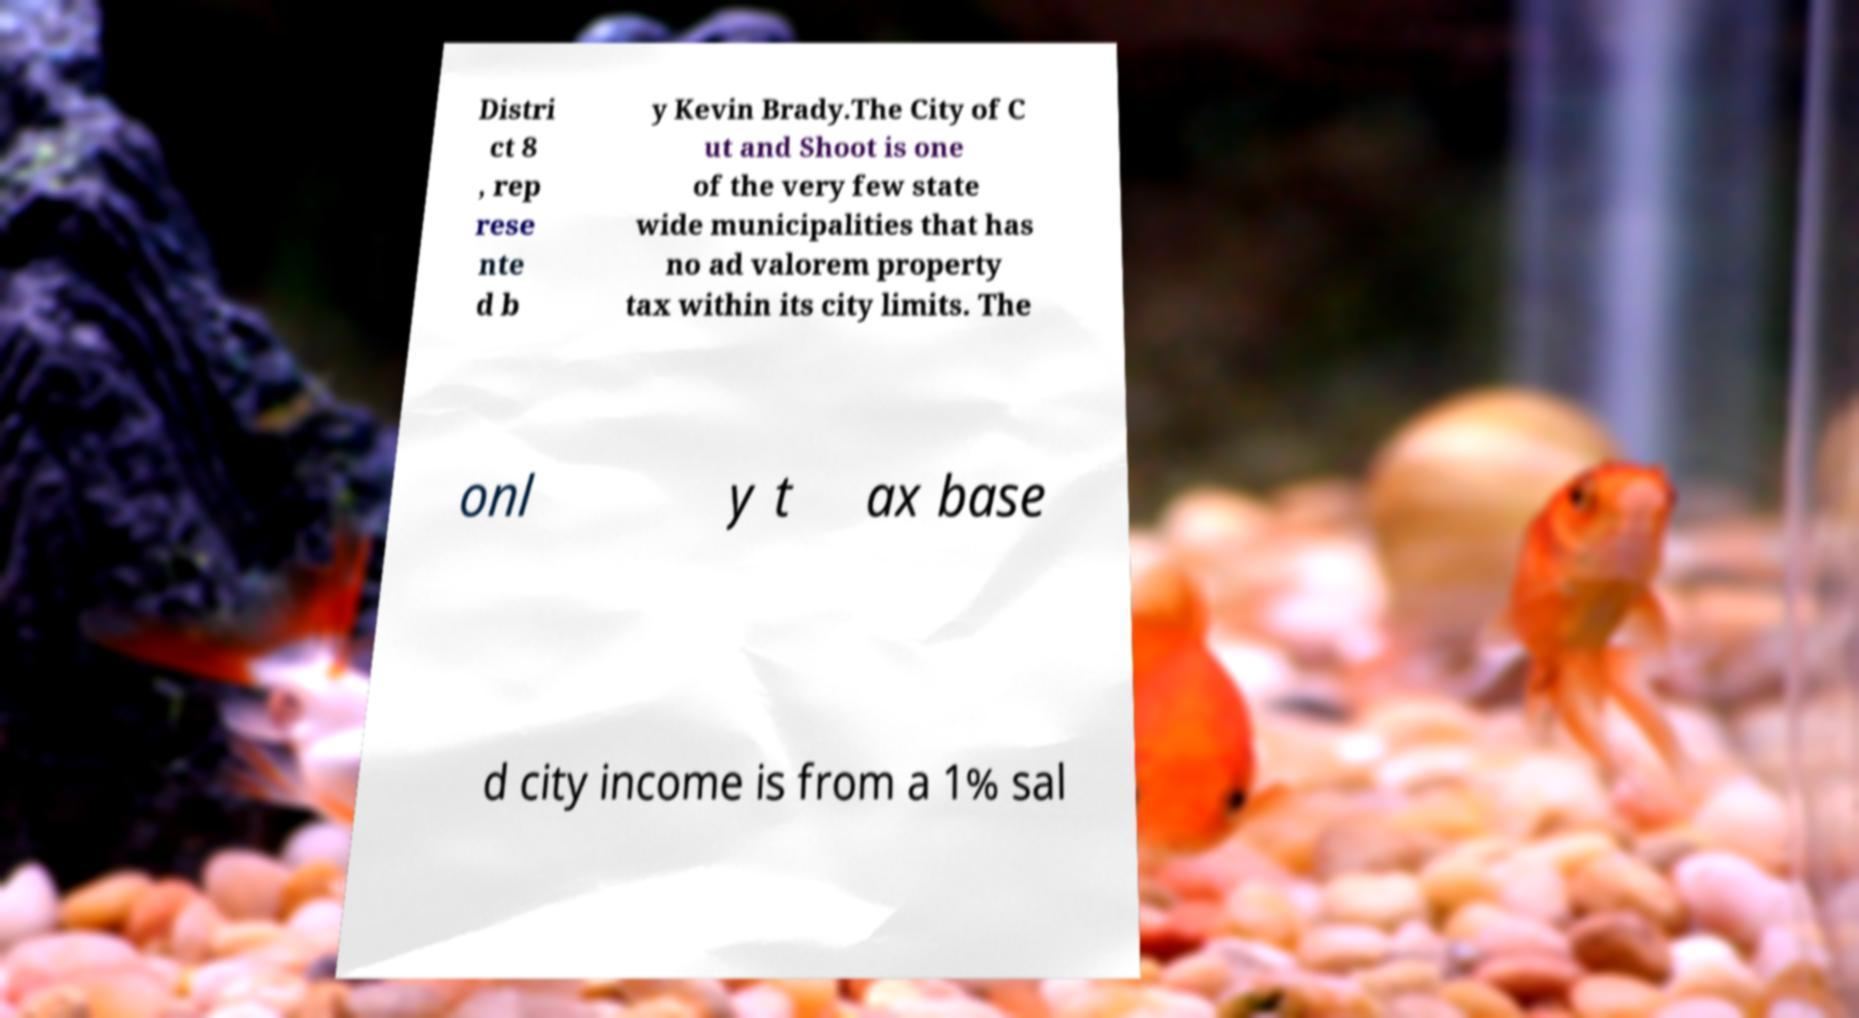Could you extract and type out the text from this image? Distri ct 8 , rep rese nte d b y Kevin Brady.The City of C ut and Shoot is one of the very few state wide municipalities that has no ad valorem property tax within its city limits. The onl y t ax base d city income is from a 1% sal 
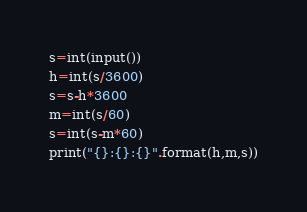Convert code to text. <code><loc_0><loc_0><loc_500><loc_500><_Python_>s=int(input())
h=int(s/3600)
s=s-h*3600
m=int(s/60)
s=int(s-m*60)
print("{}:{}:{}".format(h,m,s))
</code> 
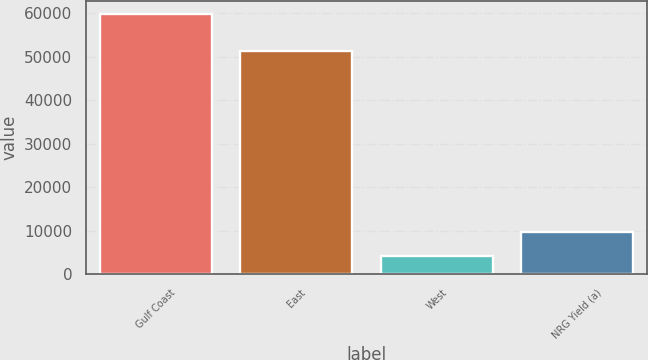Convert chart. <chart><loc_0><loc_0><loc_500><loc_500><bar_chart><fcel>Gulf Coast<fcel>East<fcel>West<fcel>NRG Yield (a)<nl><fcel>59871<fcel>51192<fcel>4241<fcel>9804<nl></chart> 
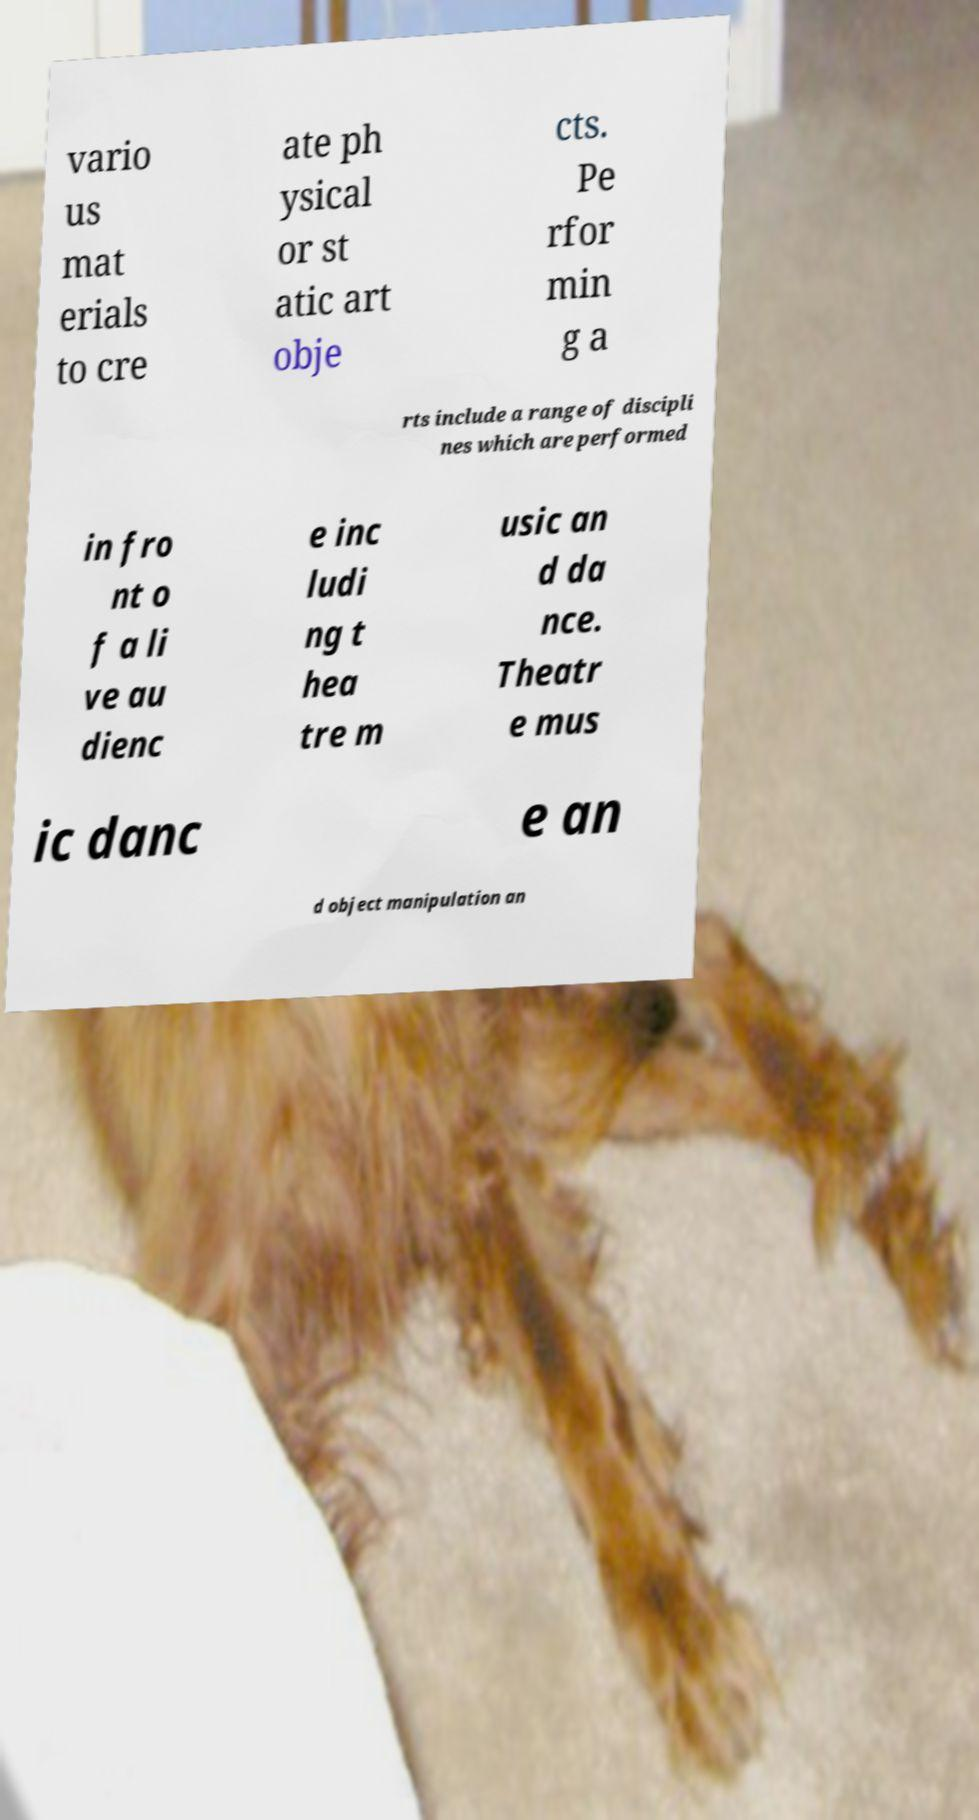Can you accurately transcribe the text from the provided image for me? vario us mat erials to cre ate ph ysical or st atic art obje cts. Pe rfor min g a rts include a range of discipli nes which are performed in fro nt o f a li ve au dienc e inc ludi ng t hea tre m usic an d da nce. Theatr e mus ic danc e an d object manipulation an 
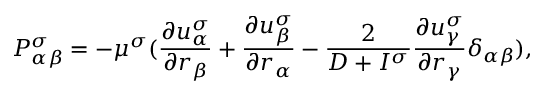<formula> <loc_0><loc_0><loc_500><loc_500>P _ { \alpha \beta } ^ { \sigma } = - \mu ^ { \sigma } ( \frac { \partial u _ { \alpha } ^ { \sigma } } { \partial r _ { \beta } } + \frac { \partial u _ { \beta } ^ { \sigma } } { \partial r _ { \alpha } } - \frac { 2 } { D + I ^ { \sigma } } \frac { \partial u _ { \gamma } ^ { \sigma } } { \partial r _ { \gamma } } \delta _ { \alpha \beta } ) ,</formula> 
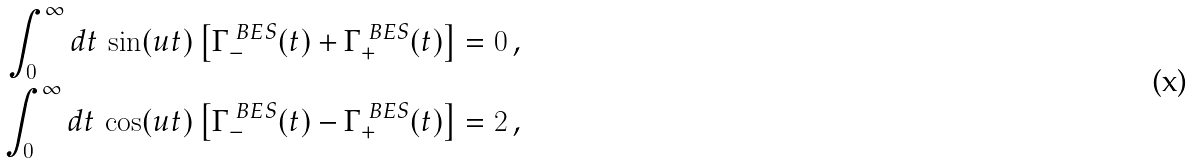Convert formula to latex. <formula><loc_0><loc_0><loc_500><loc_500>\int _ { 0 } ^ { \infty } d t \, \sin ( u t ) \left [ \Gamma ^ { \ B E S } _ { - } ( t ) + \Gamma ^ { \ B E S } _ { + } ( t ) \right ] & = 0 \, , \\ \int _ { 0 } ^ { \infty } d t \, \cos ( u t ) \left [ \Gamma ^ { \ B E S } _ { - } ( t ) - \Gamma ^ { \ B E S } _ { + } ( t ) \right ] & = 2 \, ,</formula> 
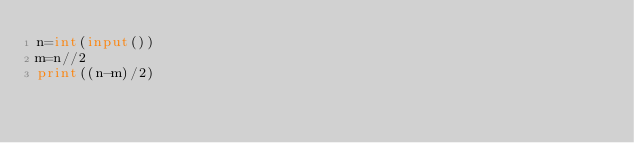Convert code to text. <code><loc_0><loc_0><loc_500><loc_500><_Python_>n=int(input())
m=n//2
print((n-m)/2)</code>

= = = = = = =

THE TASK »
Give the entries again exactly, but skip every image.

EXERCISE RESULT »
Could you extract and type out the text from this image? Distri ct 8 , rep rese nte d b y Kevin Brady.The City of C ut and Shoot is one of the very few state wide municipalities that has no ad valorem property tax within its city limits. The onl y t ax base d city income is from a 1% sal 
Convert code to text. <code><loc_0><loc_0><loc_500><loc_500><_Python_>s=int(input())
h=int(s/3600)
s=s-h*3600
m=int(s/60)
s=int(s-m*60)
print("{}:{}:{}".format(h,m,s))
</code> 
Convert chart. <chart><loc_0><loc_0><loc_500><loc_500><bar_chart><fcel>Gulf Coast<fcel>East<fcel>West<fcel>NRG Yield (a)<nl><fcel>59871<fcel>51192<fcel>4241<fcel>9804<nl></chart> 
Can you accurately transcribe the text from the provided image for me? vario us mat erials to cre ate ph ysical or st atic art obje cts. Pe rfor min g a rts include a range of discipli nes which are performed in fro nt o f a li ve au dienc e inc ludi ng t hea tre m usic an d da nce. Theatr e mus ic danc e an d object manipulation an 
<formula> <loc_0><loc_0><loc_500><loc_500>P _ { \alpha \beta } ^ { \sigma } = - \mu ^ { \sigma } ( \frac { \partial u _ { \alpha } ^ { \sigma } } { \partial r _ { \beta } } + \frac { \partial u _ { \beta } ^ { \sigma } } { \partial r _ { \alpha } } - \frac { 2 } { D + I ^ { \sigma } } \frac { \partial u _ { \gamma } ^ { \sigma } } { \partial r _ { \gamma } } \delta _ { \alpha \beta } ) ,</formula> 
Convert formula to latex. <formula><loc_0><loc_0><loc_500><loc_500>\int _ { 0 } ^ { \infty } d t \, \sin ( u t ) \left [ \Gamma ^ { \ B E S } _ { - } ( t ) + \Gamma ^ { \ B E S } _ { + } ( t ) \right ] & = 0 \, , \\ \int _ { 0 } ^ { \infty } d t \, \cos ( u t ) \left [ \Gamma ^ { \ B E S } _ { - } ( t ) - \Gamma ^ { \ B E S } _ { + } ( t ) \right ] & = 2 \, ,</formula> 
Convert code to text. <code><loc_0><loc_0><loc_500><loc_500><_Python_>n=int(input())
m=n//2
print((n-m)/2)</code>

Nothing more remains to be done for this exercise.